But as advertised back in England they included new freedoms and opportunities.

Still under British rule, In 1676, Nathaniel Bacon organized the planters including William or his descendants. They burned Jamestown in a first attempt against authority and its abuses of power in the colonies.

A month later Bacon died and British rule was reestablished. Fearing retribution in the form of hanging from the British Governor by the name of William Berkeley the planters scattered to the safety of the Virginia wilderness.

Settlement by the British of Southampton had begun including such family names that are here today such as the Simmons, Rochelle’s, Hines, Blow’s, Briggs, Carys’, Camps, Francis, Kello's, Ridley's, Taylors, Urquharts, and many others.

In colonial British America, William Hines family settled on a plantation called Poplar Grove near the Sussex Southampton border near route 35 and the Nottoway River.

William quite possibly with his grandfather who arrived in America stood upon a scenic spot called Marl hill (I have a picture of this spot that I will show you in the Rochelle Prince house) of this scenic vista overlooking beautiful fields and forests of Southampton County and his several thousand acre Plantation.

His grandfather realized he had made the right decision in leaving England.
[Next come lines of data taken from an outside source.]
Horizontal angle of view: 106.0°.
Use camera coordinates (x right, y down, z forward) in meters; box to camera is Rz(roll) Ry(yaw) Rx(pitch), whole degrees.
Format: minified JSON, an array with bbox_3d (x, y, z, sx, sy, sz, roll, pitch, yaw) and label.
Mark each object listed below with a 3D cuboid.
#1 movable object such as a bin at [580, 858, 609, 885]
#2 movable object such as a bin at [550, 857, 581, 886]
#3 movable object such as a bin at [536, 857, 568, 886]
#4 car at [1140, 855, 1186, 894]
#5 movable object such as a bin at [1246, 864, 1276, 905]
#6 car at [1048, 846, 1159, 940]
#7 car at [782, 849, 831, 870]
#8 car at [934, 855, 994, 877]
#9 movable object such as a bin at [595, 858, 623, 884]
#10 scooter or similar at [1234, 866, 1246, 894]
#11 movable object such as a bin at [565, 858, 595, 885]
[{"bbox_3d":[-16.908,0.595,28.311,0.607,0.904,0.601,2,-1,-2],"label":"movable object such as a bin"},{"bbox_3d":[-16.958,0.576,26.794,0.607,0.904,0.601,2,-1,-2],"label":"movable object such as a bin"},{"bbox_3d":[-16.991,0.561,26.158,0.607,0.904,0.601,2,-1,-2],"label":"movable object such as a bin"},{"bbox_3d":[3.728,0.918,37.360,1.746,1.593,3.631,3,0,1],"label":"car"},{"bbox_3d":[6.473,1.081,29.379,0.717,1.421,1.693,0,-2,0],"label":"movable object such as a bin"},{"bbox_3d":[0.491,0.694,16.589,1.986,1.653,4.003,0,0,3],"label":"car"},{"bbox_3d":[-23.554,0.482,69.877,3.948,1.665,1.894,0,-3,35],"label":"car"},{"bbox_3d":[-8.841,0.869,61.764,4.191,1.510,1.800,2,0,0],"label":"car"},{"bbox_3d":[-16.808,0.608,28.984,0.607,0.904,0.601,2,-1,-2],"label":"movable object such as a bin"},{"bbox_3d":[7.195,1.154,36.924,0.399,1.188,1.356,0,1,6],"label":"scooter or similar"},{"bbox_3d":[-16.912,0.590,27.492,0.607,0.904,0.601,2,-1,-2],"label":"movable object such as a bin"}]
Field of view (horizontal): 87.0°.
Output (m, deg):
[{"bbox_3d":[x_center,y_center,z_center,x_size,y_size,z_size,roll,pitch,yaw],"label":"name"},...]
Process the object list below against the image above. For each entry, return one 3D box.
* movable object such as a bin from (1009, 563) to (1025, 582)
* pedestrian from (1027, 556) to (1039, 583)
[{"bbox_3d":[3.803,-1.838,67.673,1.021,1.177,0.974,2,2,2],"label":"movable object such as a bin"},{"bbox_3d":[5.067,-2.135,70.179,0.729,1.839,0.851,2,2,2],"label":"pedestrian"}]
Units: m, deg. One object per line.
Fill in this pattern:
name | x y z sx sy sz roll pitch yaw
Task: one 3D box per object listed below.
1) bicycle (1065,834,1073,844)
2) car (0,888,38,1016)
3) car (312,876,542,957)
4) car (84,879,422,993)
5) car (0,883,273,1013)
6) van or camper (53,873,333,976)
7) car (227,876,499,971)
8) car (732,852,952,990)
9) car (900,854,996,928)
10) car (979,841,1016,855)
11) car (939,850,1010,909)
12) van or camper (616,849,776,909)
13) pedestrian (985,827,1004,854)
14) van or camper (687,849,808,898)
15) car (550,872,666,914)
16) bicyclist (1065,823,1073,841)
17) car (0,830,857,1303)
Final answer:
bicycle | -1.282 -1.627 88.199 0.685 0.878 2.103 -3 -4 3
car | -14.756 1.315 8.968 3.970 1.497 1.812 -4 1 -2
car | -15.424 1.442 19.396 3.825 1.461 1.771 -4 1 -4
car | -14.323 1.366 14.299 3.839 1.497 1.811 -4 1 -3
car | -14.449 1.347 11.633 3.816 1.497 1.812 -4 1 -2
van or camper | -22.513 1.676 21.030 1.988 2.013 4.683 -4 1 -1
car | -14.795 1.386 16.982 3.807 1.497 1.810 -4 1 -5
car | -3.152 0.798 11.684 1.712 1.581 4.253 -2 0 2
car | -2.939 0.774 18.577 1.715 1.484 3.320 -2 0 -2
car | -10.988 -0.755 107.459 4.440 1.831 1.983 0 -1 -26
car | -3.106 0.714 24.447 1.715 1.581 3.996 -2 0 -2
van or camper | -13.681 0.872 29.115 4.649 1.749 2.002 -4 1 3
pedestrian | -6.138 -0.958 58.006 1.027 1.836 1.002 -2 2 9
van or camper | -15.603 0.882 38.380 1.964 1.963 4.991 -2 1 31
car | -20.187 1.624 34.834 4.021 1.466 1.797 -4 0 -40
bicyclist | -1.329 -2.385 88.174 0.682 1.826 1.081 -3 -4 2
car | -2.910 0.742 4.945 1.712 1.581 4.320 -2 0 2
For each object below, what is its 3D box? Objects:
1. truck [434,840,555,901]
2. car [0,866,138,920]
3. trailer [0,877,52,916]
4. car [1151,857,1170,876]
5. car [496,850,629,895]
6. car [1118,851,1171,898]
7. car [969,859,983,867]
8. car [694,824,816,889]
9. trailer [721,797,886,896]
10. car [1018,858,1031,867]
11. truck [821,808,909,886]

William envisioned liberties and opportunities that his grandfather had hoped for. Not much has changed of this area from what it looked like more than three centuries ago but most everything else in this nation of three hundred million people has.

This vast tobacco plantation of William Hines that used enslaved labor prospered with the assistance and friendly cooperation of the Nottoway Indian tribe that lived nearby at Great Town.

The Hines neighbors included the Blow family who established a plantation called Tower Hill built in 1775 that still exists today.

As you view the Nottoway River here it is not difficult to imagine William Hines early 18th century flat bottom flat bottom Tobacco boats sailing southeast ailing southeast on this river from the Poplar Grove Plantation to the junction of the Blackwater river port of South Quay.

This bustling port was used for commerce and as an early military outpost and shipyard. Hines owned sailing vessels that would eventually ship goods to northern ports and European marketplaces.

17th Century William, his wife Elizabeth, and their nine children lived in a modest dwelling some 15 miles northwest west of here, the first documented Hines born in the Virginia Wilderness when Williamsburg was the Colonial Capital called Middle Plantation.

Meanwhile, during this time, the United States grew twelve fold. Before Independence was declared we were generating one third of the production that England obtained.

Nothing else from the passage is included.